▸ **Prompt**: Check each line of the records below and collect those that include the word "Very".

══════════════════════════════

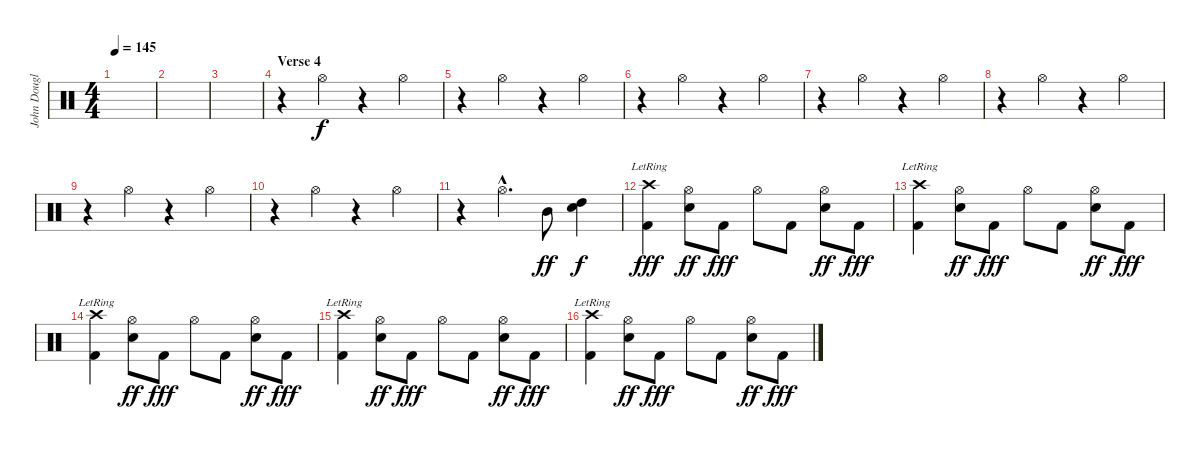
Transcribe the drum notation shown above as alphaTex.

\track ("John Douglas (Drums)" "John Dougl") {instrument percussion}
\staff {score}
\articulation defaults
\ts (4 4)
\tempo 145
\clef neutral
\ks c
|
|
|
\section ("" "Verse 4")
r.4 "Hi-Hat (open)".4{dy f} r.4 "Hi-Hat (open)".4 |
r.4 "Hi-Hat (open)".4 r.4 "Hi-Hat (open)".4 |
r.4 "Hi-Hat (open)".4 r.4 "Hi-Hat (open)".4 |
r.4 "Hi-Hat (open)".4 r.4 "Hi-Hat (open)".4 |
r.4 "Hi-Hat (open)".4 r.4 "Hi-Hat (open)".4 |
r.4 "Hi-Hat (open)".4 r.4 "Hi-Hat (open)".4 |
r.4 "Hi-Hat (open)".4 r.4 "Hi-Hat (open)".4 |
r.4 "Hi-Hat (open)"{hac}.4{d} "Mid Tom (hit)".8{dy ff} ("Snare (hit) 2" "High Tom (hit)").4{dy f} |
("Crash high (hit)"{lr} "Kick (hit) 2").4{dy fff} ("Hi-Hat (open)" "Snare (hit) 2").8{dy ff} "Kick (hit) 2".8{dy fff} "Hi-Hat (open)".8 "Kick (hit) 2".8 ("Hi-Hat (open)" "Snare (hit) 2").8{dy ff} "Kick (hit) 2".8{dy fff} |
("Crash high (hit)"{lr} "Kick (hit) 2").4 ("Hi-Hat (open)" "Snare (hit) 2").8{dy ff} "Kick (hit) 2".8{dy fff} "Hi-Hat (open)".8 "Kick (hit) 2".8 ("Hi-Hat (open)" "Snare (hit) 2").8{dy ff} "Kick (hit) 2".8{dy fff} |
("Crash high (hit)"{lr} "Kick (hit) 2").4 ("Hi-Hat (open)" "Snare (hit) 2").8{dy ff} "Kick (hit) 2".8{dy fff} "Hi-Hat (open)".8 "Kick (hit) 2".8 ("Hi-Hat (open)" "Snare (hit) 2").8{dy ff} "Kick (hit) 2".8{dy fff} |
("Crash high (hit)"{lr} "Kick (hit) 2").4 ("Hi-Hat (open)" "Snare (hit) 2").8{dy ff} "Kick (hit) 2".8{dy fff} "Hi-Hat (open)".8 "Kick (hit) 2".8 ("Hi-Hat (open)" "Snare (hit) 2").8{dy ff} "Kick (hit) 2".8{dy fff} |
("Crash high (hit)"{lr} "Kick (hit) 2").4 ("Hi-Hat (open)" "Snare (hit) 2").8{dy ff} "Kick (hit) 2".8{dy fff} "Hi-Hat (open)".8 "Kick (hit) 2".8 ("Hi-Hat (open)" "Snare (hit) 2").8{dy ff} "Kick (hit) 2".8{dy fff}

══════════════════════════════

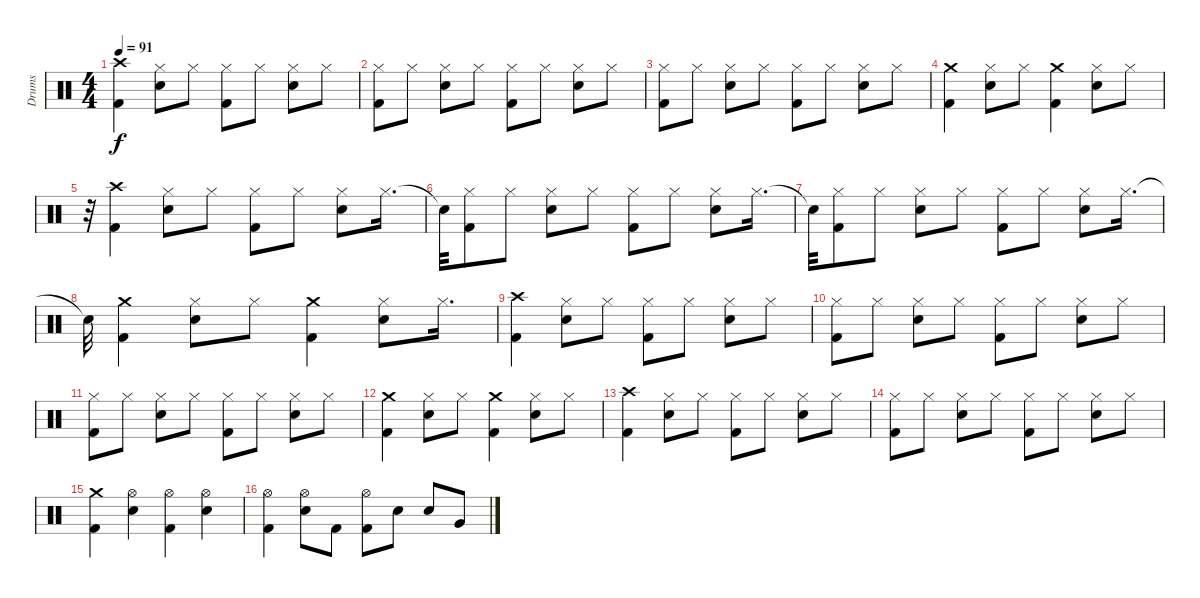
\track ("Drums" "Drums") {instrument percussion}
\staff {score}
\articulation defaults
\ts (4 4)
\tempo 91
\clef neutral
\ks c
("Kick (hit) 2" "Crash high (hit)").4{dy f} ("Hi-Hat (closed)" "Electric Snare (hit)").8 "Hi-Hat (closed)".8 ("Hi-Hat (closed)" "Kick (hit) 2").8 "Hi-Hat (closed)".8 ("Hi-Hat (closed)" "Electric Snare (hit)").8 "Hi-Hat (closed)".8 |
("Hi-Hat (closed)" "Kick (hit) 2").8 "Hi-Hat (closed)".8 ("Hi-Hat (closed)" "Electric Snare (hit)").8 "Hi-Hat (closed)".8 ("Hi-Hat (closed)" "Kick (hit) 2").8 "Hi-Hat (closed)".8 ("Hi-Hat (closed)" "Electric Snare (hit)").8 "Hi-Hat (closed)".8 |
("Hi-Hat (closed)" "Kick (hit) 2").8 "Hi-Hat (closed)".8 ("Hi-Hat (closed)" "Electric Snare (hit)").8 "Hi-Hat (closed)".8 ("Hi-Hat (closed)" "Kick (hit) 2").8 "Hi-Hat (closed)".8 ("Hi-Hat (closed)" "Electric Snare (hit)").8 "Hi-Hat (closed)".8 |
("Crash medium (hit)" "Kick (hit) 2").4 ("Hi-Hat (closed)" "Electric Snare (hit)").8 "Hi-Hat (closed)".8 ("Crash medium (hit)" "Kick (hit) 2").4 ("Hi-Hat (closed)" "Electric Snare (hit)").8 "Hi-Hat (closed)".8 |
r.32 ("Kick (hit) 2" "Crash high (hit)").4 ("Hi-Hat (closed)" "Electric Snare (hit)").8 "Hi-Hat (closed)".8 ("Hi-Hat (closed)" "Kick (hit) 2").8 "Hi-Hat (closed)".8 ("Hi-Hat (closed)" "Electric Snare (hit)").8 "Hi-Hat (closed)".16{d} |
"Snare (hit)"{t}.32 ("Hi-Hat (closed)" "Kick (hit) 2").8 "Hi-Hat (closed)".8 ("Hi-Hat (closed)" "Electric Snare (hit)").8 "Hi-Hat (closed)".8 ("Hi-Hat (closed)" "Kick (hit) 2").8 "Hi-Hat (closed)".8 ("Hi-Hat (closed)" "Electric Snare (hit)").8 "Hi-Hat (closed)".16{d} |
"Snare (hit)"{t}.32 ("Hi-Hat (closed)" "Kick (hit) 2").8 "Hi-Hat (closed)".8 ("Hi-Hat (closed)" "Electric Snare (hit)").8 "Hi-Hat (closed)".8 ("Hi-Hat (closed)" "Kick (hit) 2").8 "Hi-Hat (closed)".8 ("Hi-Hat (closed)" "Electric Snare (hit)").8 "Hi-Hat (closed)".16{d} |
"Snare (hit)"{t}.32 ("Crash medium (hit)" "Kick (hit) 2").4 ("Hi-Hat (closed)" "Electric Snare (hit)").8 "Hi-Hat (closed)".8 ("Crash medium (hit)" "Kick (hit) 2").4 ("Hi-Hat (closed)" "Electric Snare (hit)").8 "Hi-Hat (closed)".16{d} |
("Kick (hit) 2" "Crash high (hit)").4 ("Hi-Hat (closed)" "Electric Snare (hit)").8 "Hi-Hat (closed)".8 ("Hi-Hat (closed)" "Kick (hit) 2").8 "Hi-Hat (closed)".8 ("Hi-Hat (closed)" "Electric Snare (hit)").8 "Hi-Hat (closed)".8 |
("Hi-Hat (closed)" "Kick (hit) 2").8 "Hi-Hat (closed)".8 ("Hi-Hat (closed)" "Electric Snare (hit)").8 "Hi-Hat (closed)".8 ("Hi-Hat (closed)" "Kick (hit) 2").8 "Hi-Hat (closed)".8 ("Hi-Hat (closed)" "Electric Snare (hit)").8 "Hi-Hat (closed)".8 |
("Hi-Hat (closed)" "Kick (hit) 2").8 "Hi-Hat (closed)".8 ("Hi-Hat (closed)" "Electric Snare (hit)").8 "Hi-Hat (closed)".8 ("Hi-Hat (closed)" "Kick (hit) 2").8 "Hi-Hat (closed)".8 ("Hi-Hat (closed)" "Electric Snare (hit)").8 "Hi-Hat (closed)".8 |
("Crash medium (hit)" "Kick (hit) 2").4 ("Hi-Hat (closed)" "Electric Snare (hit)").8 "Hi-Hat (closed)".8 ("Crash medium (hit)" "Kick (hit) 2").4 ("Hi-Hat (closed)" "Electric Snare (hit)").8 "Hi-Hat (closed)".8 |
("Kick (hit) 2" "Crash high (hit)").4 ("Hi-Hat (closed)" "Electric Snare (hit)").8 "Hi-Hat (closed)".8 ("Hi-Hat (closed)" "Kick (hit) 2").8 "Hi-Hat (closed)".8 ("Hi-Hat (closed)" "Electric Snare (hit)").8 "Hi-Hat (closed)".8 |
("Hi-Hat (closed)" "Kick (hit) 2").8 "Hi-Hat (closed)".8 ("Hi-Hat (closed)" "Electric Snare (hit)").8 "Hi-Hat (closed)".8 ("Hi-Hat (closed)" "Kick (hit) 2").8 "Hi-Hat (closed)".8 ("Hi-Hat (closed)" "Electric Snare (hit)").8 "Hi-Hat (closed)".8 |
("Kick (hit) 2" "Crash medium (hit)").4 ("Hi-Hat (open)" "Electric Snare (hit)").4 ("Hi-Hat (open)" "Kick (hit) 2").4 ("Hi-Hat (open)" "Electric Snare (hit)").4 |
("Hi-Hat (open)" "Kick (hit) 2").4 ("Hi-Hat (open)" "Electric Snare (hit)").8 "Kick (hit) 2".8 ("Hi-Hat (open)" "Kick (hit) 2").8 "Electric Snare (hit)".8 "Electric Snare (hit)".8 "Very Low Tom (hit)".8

══════════════════════════════

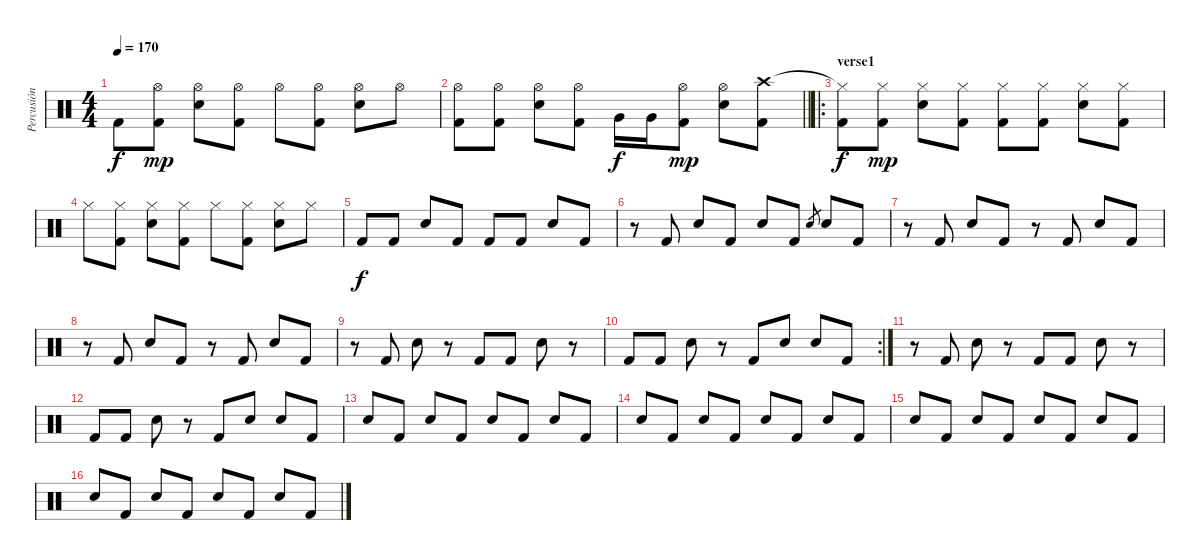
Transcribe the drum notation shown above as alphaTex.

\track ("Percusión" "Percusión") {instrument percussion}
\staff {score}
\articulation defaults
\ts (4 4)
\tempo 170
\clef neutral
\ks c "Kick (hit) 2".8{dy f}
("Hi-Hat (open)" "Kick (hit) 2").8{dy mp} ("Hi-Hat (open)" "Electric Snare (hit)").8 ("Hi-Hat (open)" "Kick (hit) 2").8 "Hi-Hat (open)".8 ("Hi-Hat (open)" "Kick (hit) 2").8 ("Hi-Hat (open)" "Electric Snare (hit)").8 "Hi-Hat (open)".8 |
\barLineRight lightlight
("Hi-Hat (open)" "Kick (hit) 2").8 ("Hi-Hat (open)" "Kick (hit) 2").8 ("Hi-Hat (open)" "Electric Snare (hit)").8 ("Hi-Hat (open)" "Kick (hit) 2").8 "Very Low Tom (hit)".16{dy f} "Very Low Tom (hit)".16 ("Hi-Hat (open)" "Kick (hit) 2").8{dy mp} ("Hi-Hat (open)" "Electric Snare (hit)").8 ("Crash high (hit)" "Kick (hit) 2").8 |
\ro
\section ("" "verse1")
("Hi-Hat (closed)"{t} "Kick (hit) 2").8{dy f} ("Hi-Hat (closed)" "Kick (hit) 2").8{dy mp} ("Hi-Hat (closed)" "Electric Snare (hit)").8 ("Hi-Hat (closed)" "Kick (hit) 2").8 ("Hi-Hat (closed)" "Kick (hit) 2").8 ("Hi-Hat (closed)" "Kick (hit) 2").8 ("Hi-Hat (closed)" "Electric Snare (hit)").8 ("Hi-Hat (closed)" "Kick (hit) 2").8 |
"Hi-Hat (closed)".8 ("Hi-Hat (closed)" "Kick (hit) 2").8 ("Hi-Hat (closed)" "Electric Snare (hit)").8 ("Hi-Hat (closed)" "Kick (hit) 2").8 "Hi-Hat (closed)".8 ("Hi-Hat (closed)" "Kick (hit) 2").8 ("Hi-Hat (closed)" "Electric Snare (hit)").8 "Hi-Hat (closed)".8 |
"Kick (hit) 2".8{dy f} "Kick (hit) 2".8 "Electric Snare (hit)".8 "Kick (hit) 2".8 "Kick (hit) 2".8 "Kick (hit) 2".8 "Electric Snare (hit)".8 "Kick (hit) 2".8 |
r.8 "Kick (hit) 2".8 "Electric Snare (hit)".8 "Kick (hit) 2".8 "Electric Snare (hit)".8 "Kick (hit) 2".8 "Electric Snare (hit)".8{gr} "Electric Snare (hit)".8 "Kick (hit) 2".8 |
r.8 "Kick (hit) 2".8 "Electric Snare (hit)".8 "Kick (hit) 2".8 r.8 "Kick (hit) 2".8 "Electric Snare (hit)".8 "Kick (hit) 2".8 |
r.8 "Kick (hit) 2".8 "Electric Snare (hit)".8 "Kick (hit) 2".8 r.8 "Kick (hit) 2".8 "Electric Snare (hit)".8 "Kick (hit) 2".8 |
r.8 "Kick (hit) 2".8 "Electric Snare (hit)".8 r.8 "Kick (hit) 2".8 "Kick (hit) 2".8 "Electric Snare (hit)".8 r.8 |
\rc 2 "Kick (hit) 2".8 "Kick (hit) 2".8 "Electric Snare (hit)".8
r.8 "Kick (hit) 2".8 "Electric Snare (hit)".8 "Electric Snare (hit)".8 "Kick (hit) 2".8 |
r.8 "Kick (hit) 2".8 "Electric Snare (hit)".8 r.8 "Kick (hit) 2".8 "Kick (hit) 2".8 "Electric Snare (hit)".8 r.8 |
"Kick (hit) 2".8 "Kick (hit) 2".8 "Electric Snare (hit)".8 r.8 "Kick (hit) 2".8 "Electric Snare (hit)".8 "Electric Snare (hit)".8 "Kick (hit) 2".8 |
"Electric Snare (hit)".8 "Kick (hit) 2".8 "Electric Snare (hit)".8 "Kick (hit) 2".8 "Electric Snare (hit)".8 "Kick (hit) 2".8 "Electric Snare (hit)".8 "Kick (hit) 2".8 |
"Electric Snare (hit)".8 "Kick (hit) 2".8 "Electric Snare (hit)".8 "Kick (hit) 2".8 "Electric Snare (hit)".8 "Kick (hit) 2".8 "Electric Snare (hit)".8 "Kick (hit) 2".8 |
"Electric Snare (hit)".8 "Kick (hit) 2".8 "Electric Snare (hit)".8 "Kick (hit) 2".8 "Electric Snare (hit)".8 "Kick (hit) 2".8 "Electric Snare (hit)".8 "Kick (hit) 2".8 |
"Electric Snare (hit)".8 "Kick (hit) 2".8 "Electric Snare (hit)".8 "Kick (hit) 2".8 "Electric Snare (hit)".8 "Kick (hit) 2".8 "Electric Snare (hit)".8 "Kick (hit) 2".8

══════════════════════════════

▸ **Answer to this problem**:
("Hi-Hat (open)" "Kick (hit) 2").4 ("Hi-Hat (open)" "Electric Snare (hit)").8 "Kick (hit) 2".8 ("Hi-Hat (open)" "Kick (hit) 2").8 "Electric Snare (hit)".8 "Electric Snare (hit)".8 "Very Low Tom (hit)".8
("Hi-Hat (open)" "Kick (hit) 2").8 ("Hi-Hat (open)" "Kick (hit) 2").8 ("Hi-Hat (open)" "Electric Snare (hit)").8 ("Hi-Hat (open)" "Kick (hit) 2").8 "Very Low Tom (hit)".16{dy f} "Very Low Tom (hit)".16 ("Hi-Hat (open)" "Kick (hit) 2").8{dy mp} ("Hi-Hat (open)" "Electric Snare (hit)").8 ("Crash high (hit)" "Kick (hit) 2").8 |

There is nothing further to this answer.